In its timidity about holding the powerful to account, this first congressional investigation was typical of far too many to come. No such failure was made, however, by the most recent significant investigation, also by a select committee of the House, into the January 6, 2021, attack on the US Capitol. Its riveting hearings and brilliantly edited video were enough to make even the most jaded radical feel that there’s something worthwhile in our Constitution after all.

The 230 years between these two sets of hearings have seen hundreds of other congressional investigations, but arguably the most significant of them all was that of the Church Committee, as it came to be known, from 1975 to 1976. Chaired by Frank Church, a Democratic senator from Idaho, the committee’s several months of hearings and voluminous written report exposed an astounding variety of misdeeds by US intelligence agencies. The FBI, the committee found, had directed a massive campaign of surveillance, harassment, and attempted blackmail against Martin Luther King Jr.

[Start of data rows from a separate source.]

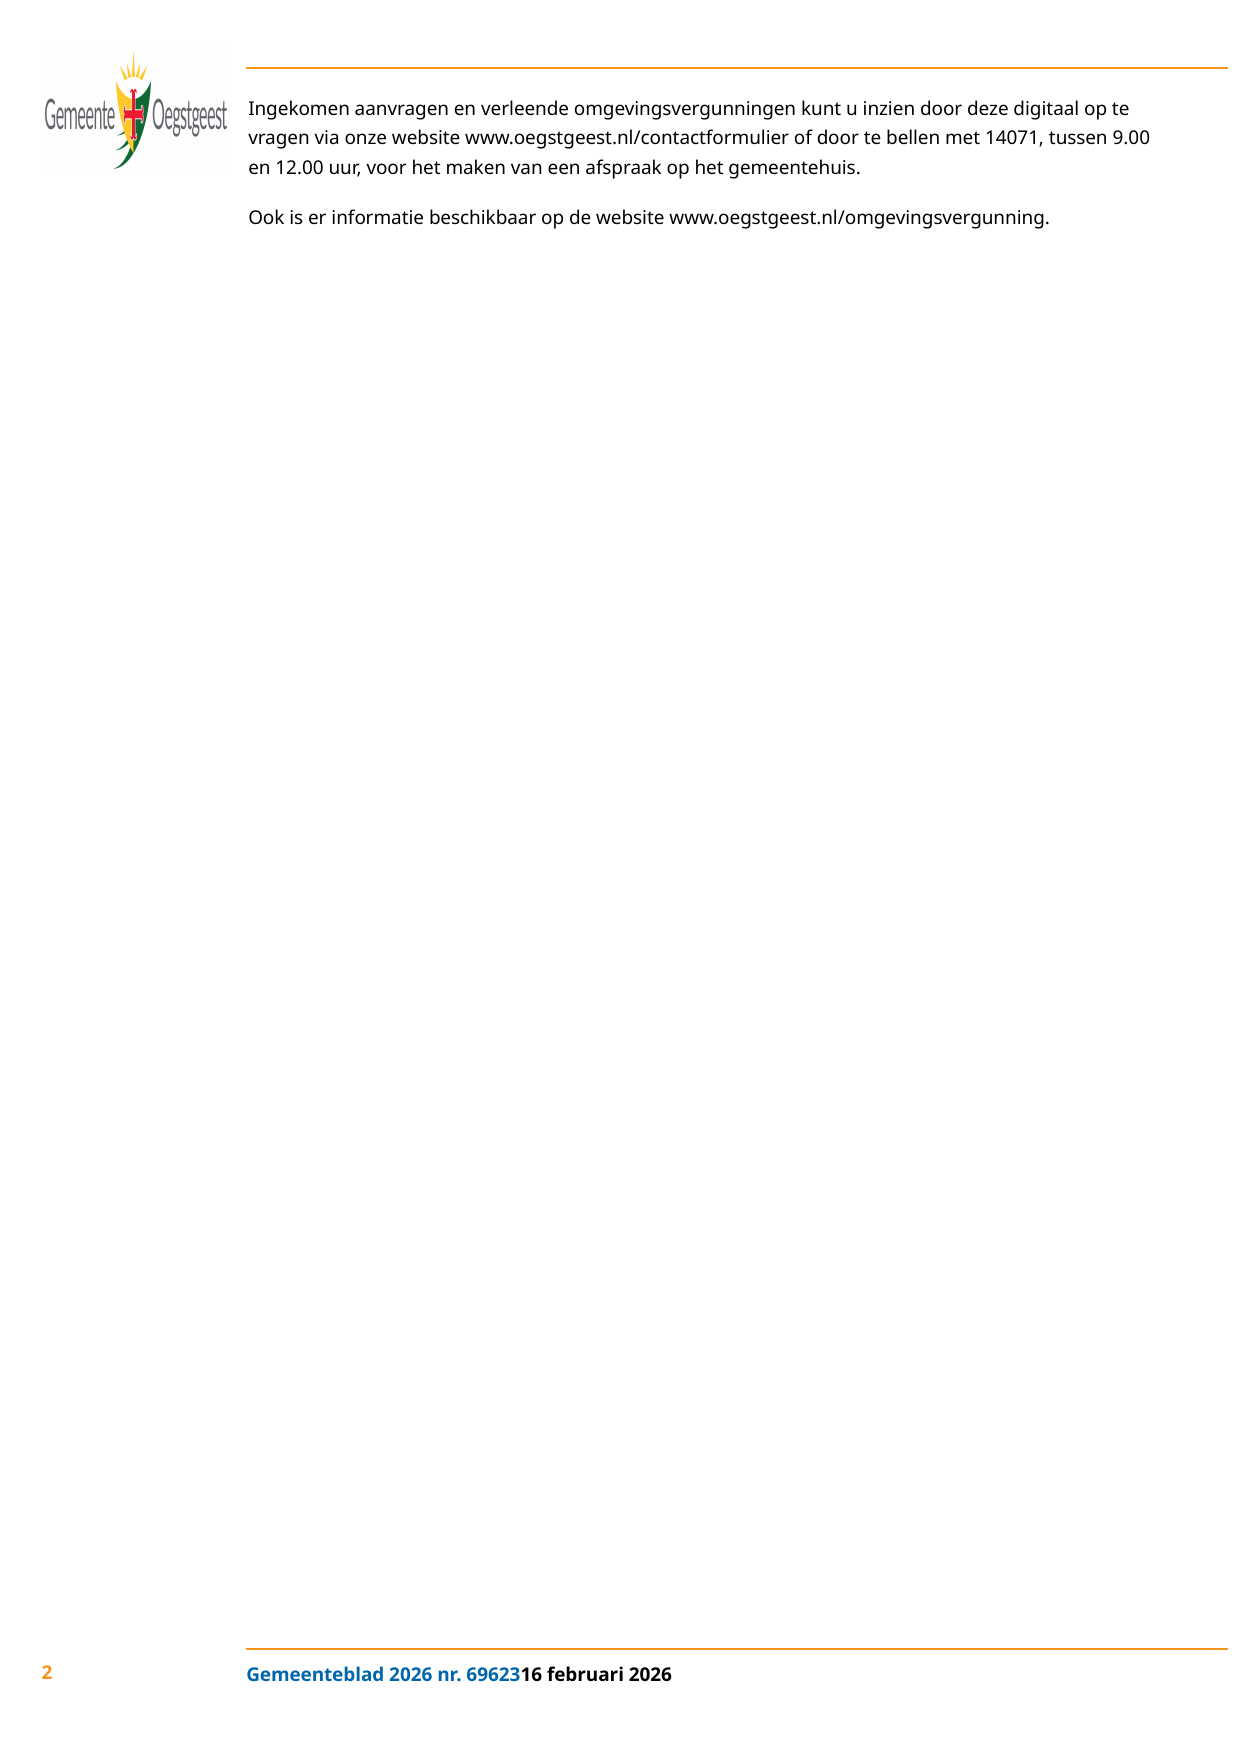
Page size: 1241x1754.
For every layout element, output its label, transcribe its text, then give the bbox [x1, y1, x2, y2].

text Ingekomen aanvragen en verleende omgevingsvergunningen kunt u inzien door deze digitaal op te vragen via onze website www.oegstgeest.nl/contactformulier of door te bellen met 14071, tussen 9.00 en 12.00 uur, voor het maken van een afspraak op het gemeentehuis. [248, 95, 1152, 180]
text Ook is er informatie beschikbaar op de website www.oegstgeest.nl/omgevingsvergunning. [248, 204, 1152, 230]
picture [41, 47, 231, 172]
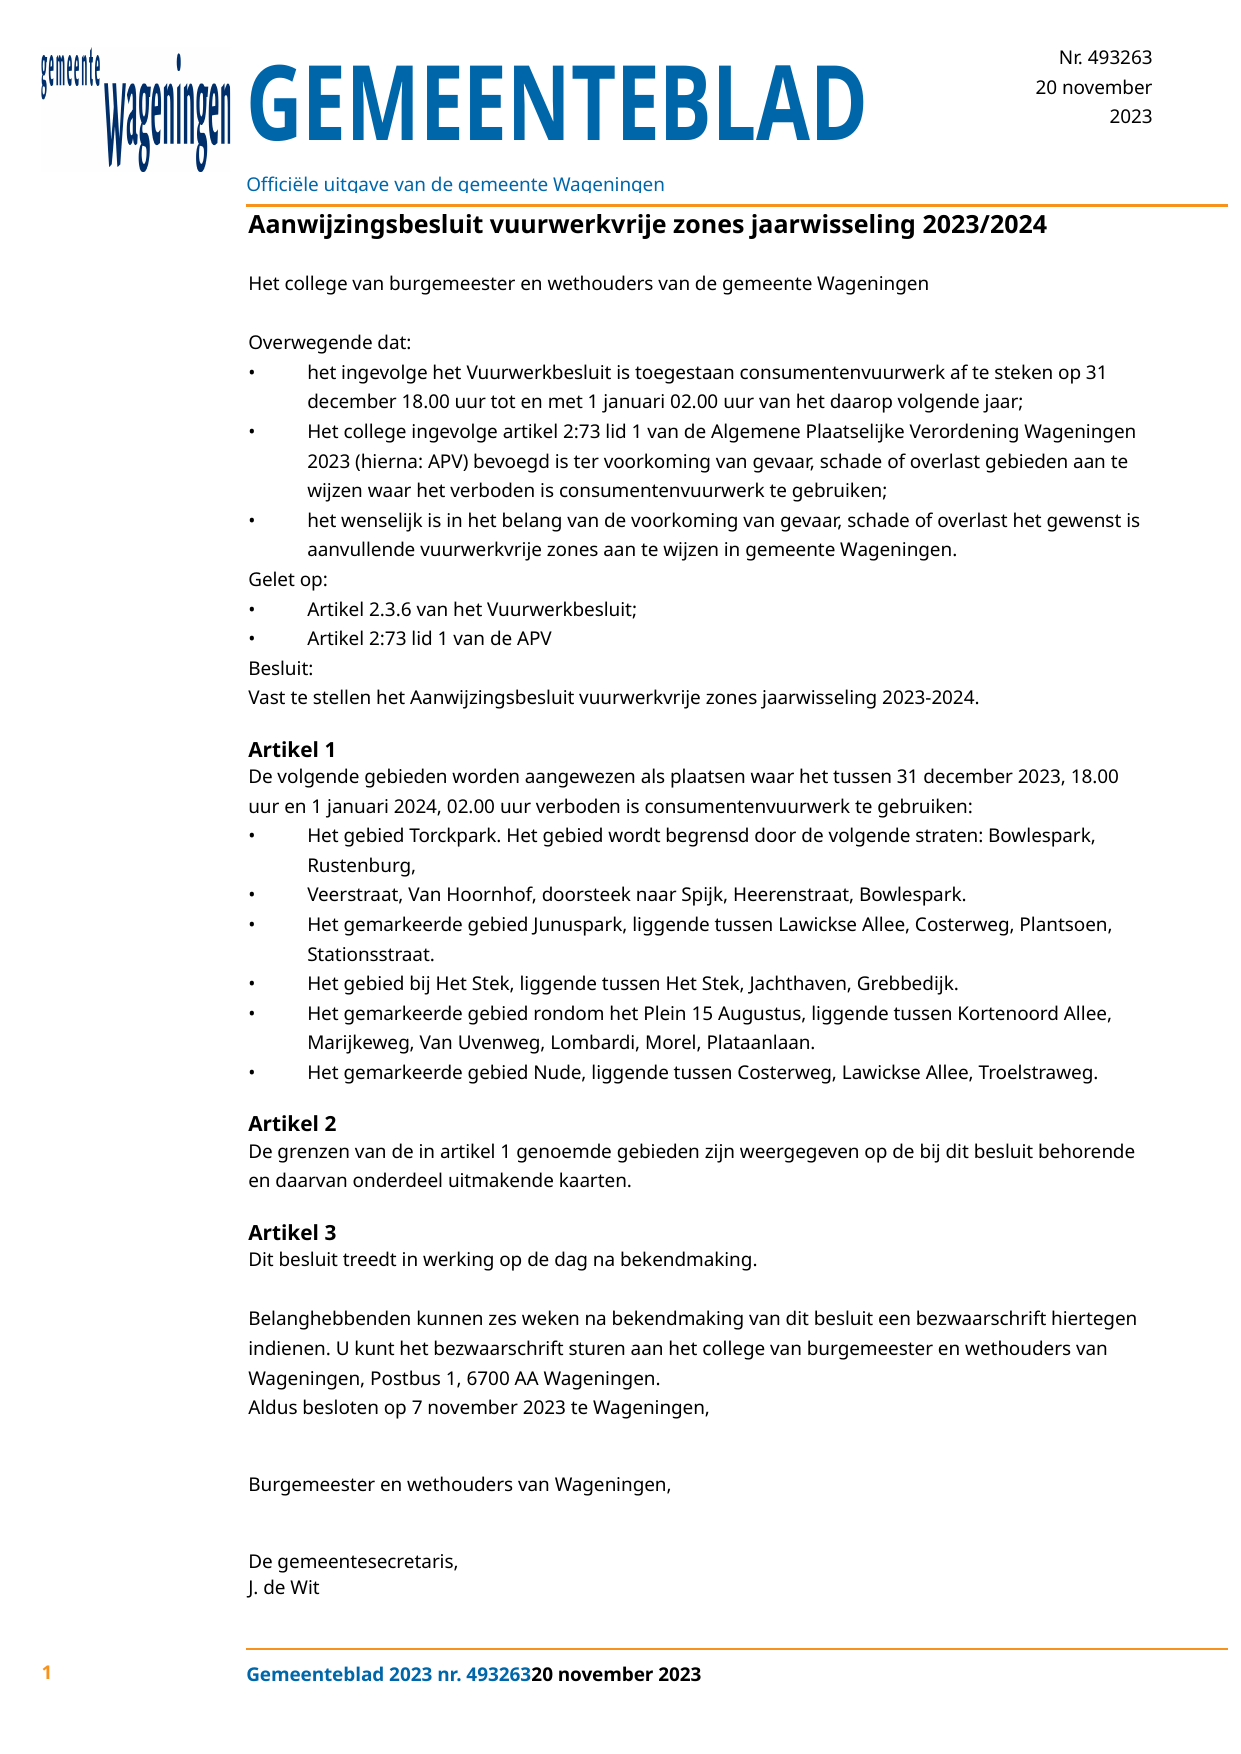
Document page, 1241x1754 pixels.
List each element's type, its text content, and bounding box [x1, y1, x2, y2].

text Overwegende dat: [248, 329, 1152, 355]
text Burgemeester en wethouders van Wageningen, [248, 1472, 1152, 1497]
text Het college van burgemeester en wethouders van de gemeente Wageningen [248, 270, 1152, 296]
text Vast te stellen het Aanwijzingsbesluit vuurwerkvrije zones jaarwisseling 2023-2024. [248, 684, 1152, 710]
text Artikel 1 [248, 735, 1152, 763]
list Het gemarkeerde gebied Junuspark, liggende tussen Lawickse Allee, Costerweg, Plantsoen, Stationsstraat. [248, 911, 1152, 967]
list het ingevolge het Vuurwerkbesluit is toegestaan consumentenvuurwerk af te steken op 31 december 18.00 uur tot en met 1 januari 02.00 uur van het daarop volgende jaar; [248, 359, 1152, 414]
list Het gemarkeerde gebied rondom het Plein 15 Augustus, liggende tussen Kortenoord Allee, Marijkeweg, Van Uvenweg, Lombardi, Morel, Plataanlaan. [248, 1000, 1152, 1055]
list Het gebied bij Het Stek, liggende tussen Het Stek, Jachthaven, Grebbedijk. [248, 970, 1152, 996]
text J. de Wit [248, 1574, 1152, 1600]
list het wenselijk is in het belang van de voorkoming van gevaar, schade of overlast het gewenst is aanvullende vuurwerkvrije zones aan te wijzen in gemeente Wageningen. [248, 507, 1152, 562]
text De grenzen van de in artikel 1 genoemde gebieden zijn weergegeven op de bij dit besluit behorende en daarvan onderdeel uitmakende kaarten. [248, 1138, 1152, 1193]
list Veerstraat, Van Hoornhof, doorsteek naar Spijk, Heerenstraat, Bowlespark. [248, 882, 1152, 907]
text De volgende gebieden worden aangewezen als plaatsen waar het tussen 31 december 2023, 18.00 uur en 1 januari 2024, 02.00 uur verboden is consumentenvuurwerk te gebruiken: [248, 763, 1152, 819]
list Artikel 2.3.6 van het Vuurwerkbesluit; [248, 596, 1152, 621]
text Belanghebbenden kunnen zes weken na bekendmaking van dit besluit een bezwaarschrift hiertegen indienen. U kunt het bezwaarschrift sturen aan het college van burgemeester en wethouders van Wageningen, Postbus 1, 6700 AA Wageningen. [248, 1306, 1152, 1391]
text Artikel 2 [248, 1109, 1152, 1138]
text Aanwijzingsbesluit vuurwerkvrije zones jaarwisseling 2023/2024 [248, 207, 1152, 241]
list Het gemarkeerde gebied Nude, liggende tussen Costerweg, Lawickse Allee, Troelstraweg. [248, 1059, 1152, 1085]
text Aldus besloten op 7 november 2023 te Wageningen, [248, 1394, 1152, 1420]
list Het gebied Torckpark. Het gebied wordt begrensd door de volgende straten: Bowlespark, Rustenburg, [248, 822, 1152, 878]
text De gemeentesecretaris, [248, 1549, 1152, 1574]
text Besluit: [248, 655, 1152, 681]
text Gelet op: [248, 566, 1152, 592]
list Het college ingevolge artikel 2:73 lid 1 van de Algemene Plaatselijke Verordening Wageningen 2023 (hierna: APV) bevoegd is ter voorkoming van gevaar, schade of overlast gebieden aan te wijzen waar het verboden is consumentenvuurwerk te gebruiken; [248, 418, 1152, 503]
text Artikel 3 [248, 1218, 1152, 1246]
list Artikel 2:73 lid 1 van de APV [248, 625, 1152, 651]
picture [41, 47, 231, 172]
text Dit besluit treedt in werking op de dag na bekendmaking. [248, 1246, 1152, 1272]

It had infiltrated activist groups and monitored the legitimate political activities of thousands of Americans. The CIA had plotted to assassinate—both successfully and unsuccessfully—a variety of leaders in Africa, Asia, and Latin America. It had enlisted the Mafia in its attempts to kill Fidel Castro and had tested large doses of LSD on unwitting subjects. It is hard to recall any other moment in American history when so much horrifying skulduggery was revealed.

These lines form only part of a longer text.